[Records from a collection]
+ + + + +

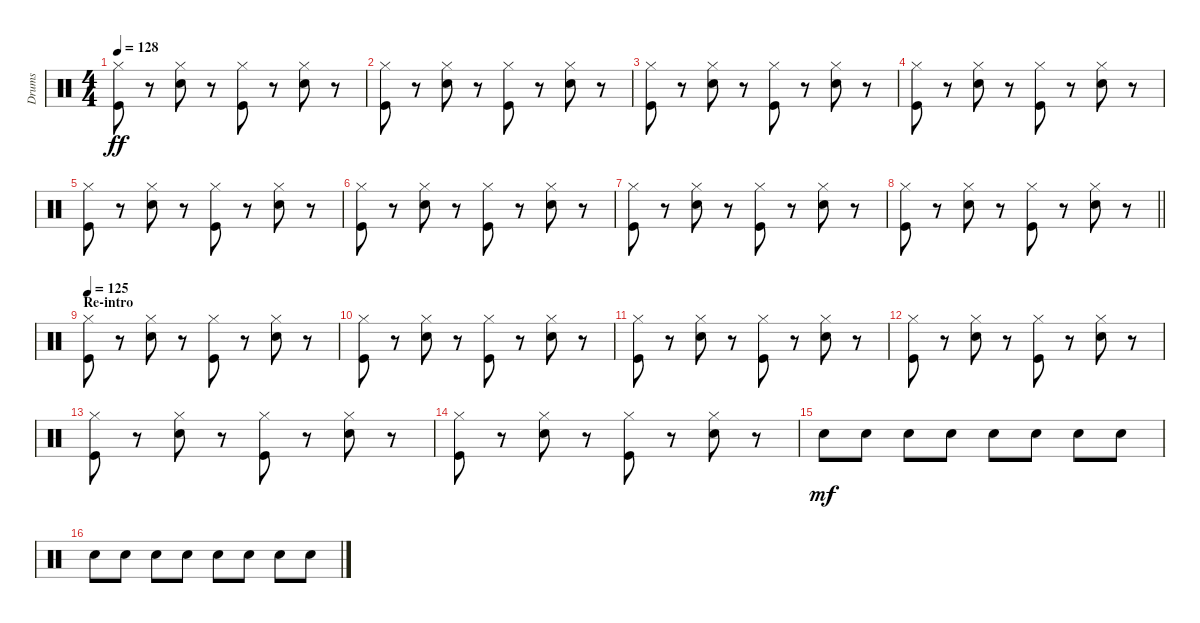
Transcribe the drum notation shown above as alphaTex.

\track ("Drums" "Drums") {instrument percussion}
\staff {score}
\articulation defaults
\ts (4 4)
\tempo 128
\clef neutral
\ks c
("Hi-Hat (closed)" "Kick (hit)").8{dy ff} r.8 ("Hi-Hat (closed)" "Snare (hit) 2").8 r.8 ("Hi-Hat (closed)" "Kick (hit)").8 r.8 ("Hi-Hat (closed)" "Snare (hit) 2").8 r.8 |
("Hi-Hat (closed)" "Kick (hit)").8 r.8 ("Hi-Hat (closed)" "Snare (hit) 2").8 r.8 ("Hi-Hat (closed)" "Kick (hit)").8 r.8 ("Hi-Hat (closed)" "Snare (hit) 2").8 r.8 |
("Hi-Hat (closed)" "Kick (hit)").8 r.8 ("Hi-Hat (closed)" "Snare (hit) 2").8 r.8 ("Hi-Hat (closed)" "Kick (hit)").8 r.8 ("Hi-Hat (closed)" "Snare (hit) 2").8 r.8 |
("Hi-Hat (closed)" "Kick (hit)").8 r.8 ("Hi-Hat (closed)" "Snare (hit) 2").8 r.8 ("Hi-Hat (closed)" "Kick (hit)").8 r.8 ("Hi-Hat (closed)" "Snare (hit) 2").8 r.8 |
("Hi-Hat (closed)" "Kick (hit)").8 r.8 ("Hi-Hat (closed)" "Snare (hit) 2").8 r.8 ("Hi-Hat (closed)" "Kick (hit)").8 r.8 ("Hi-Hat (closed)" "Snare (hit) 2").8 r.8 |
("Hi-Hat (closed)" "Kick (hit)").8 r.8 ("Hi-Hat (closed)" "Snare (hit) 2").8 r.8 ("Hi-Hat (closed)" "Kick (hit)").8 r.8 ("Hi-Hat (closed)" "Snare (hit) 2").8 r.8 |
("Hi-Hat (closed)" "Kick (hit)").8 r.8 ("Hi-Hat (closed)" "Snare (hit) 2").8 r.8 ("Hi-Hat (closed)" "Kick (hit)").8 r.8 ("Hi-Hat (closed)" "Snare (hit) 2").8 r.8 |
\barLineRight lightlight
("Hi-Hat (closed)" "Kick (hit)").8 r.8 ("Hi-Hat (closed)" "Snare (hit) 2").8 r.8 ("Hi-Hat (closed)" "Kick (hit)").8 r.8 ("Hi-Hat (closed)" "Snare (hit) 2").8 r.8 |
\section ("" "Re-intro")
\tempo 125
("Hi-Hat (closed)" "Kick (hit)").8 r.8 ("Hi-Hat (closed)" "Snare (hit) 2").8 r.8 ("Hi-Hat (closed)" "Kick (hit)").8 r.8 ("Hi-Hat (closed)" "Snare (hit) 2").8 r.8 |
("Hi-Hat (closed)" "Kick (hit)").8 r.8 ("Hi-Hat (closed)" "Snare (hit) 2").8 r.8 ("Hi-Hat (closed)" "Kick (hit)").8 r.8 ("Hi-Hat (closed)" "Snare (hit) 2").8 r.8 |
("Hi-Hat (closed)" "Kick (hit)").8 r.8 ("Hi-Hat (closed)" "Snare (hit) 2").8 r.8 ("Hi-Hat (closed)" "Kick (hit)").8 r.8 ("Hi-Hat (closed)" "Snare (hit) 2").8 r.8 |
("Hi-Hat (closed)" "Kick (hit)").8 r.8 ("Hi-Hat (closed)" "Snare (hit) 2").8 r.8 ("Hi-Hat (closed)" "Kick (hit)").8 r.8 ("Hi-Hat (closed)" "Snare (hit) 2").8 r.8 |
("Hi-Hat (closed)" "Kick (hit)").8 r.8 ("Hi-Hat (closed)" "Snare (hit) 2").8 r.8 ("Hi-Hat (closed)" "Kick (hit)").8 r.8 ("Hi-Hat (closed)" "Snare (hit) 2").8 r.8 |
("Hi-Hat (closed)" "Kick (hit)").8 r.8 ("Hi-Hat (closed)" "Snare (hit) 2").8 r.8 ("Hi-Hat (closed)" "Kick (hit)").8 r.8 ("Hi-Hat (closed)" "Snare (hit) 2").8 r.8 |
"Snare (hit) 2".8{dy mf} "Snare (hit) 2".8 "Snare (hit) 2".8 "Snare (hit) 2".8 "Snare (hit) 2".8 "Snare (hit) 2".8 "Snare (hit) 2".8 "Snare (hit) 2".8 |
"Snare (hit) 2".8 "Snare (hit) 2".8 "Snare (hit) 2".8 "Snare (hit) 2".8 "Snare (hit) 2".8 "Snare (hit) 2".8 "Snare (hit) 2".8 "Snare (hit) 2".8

+ + + + +

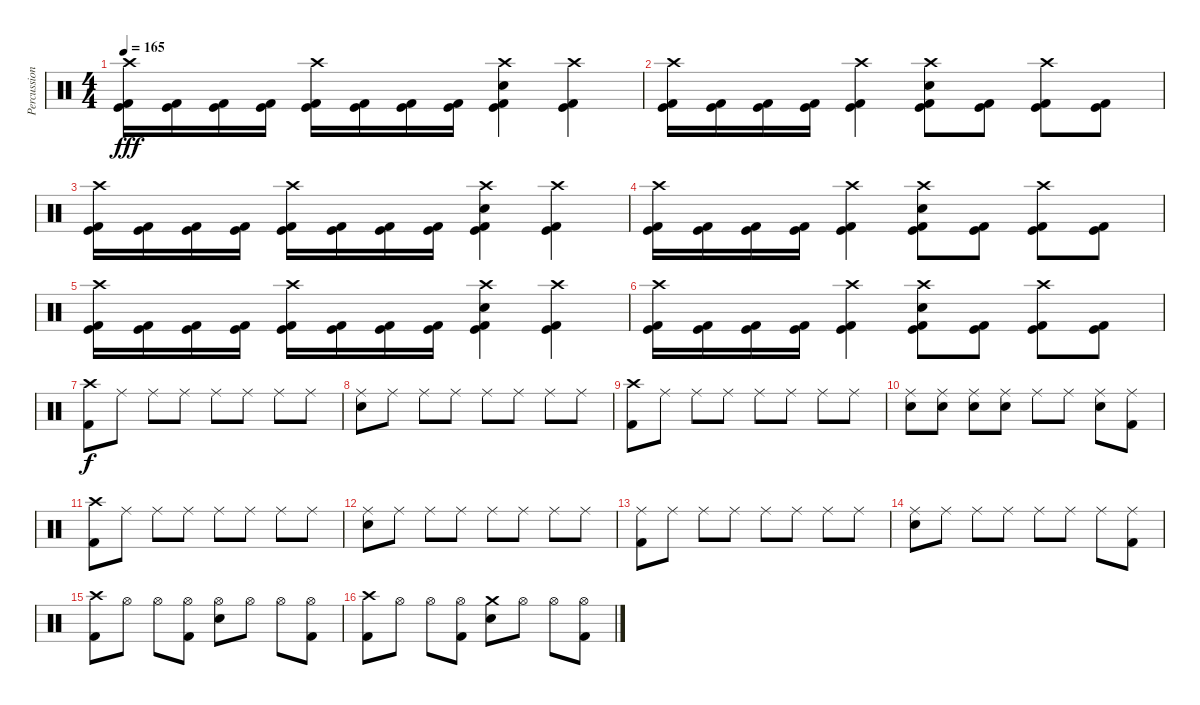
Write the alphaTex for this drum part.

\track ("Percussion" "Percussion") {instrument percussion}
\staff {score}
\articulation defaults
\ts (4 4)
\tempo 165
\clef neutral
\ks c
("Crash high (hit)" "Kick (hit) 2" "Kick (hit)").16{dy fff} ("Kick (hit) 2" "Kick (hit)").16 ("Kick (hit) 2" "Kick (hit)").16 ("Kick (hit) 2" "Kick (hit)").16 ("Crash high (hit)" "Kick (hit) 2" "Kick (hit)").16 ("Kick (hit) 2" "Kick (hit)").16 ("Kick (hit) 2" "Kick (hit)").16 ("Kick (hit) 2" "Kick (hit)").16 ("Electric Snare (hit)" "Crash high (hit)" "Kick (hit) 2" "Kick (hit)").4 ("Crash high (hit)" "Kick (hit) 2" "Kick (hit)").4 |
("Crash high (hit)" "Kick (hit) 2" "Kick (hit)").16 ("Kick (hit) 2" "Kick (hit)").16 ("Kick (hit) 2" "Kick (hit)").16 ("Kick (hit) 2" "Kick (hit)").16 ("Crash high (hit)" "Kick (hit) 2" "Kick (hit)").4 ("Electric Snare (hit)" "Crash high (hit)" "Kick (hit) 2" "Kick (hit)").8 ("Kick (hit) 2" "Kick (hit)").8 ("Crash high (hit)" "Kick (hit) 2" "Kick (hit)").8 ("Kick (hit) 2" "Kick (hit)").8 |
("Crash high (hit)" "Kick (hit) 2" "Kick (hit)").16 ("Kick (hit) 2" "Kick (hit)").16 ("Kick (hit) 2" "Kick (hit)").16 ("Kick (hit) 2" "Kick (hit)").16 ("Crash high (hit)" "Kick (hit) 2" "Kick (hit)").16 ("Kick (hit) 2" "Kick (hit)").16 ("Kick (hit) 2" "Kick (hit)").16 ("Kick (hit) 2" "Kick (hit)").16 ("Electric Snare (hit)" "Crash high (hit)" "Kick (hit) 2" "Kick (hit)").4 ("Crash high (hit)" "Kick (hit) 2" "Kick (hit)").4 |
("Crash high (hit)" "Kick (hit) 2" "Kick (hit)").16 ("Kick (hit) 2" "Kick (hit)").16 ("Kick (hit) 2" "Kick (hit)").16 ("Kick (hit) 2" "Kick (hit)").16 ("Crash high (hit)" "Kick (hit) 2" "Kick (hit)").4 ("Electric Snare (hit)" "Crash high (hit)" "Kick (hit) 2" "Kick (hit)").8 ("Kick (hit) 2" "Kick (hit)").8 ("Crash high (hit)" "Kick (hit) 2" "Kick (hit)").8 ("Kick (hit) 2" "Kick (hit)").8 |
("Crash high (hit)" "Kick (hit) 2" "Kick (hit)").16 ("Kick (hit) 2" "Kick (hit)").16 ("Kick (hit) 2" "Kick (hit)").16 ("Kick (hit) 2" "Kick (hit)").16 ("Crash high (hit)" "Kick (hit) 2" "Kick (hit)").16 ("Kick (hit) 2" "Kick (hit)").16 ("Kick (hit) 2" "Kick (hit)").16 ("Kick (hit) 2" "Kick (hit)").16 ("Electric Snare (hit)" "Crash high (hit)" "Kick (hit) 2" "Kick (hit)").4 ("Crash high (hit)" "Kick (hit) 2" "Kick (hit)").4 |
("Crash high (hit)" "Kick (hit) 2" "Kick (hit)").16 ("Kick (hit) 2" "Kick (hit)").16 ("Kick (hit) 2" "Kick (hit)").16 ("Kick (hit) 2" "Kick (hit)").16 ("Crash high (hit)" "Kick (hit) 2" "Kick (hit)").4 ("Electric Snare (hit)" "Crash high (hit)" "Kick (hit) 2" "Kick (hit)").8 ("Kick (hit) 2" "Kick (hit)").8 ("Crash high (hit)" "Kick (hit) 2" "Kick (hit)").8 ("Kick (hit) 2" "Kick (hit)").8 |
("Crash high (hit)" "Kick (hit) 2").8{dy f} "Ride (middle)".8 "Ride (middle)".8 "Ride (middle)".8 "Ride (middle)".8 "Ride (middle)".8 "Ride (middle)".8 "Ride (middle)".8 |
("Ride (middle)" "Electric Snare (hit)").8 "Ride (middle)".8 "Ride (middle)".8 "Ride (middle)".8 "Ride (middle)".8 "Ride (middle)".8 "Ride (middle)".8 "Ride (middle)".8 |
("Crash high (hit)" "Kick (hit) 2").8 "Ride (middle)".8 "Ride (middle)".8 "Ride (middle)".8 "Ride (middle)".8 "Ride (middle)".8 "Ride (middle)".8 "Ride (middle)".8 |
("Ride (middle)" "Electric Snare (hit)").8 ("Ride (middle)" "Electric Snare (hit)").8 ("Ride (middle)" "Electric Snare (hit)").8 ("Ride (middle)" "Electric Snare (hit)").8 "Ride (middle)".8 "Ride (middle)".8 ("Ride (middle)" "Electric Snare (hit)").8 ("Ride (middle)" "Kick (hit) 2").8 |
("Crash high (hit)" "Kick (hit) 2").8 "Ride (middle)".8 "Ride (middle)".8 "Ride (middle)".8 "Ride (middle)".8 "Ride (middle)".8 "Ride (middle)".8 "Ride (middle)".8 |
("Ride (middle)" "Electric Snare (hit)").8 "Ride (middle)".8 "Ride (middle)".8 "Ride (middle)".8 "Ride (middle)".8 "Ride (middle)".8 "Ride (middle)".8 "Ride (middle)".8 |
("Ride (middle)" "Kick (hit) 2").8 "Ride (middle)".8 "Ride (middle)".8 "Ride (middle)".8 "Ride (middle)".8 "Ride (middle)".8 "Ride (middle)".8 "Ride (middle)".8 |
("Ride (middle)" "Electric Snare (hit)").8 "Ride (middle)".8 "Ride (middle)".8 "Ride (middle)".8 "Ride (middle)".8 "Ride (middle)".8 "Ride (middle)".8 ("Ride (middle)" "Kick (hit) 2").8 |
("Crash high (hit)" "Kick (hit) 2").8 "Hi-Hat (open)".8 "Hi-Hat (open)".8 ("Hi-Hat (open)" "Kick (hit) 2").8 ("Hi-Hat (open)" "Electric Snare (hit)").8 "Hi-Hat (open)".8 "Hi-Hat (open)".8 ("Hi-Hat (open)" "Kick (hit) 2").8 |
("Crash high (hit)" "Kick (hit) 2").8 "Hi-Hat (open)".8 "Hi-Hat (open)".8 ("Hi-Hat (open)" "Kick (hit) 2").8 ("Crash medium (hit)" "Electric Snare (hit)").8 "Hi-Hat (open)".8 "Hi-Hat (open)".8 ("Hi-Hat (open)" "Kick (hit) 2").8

+ + + + +

#### [Exercise instructions]
Search the records above for the string "open". Report each line that has it.

#### [Reply to the exercise]
("Crash high (hit)" "Kick (hit) 2").8 "Hi-Hat (open)".8 "Hi-Hat (open)".8 ("Hi-Hat (open)" "Kick (hit) 2").8 ("Hi-Hat (open)" "Electric Snare (hit)").8 "Hi-Hat (open)".8 "Hi-Hat (open)".8 ("Hi-Hat (open)" "Kick (hit) 2").8 |
("Crash high (hit)" "Kick (hit) 2").8 "Hi-Hat (open)".8 "Hi-Hat (open)".8 ("Hi-Hat (open)" "Kick (hit) 2").8 ("Crash medium (hit)" "Electric Snare (hit)").8 "Hi-Hat (open)".8 "Hi-Hat (open)".8 ("Hi-Hat (open)" "Kick (hit) 2").8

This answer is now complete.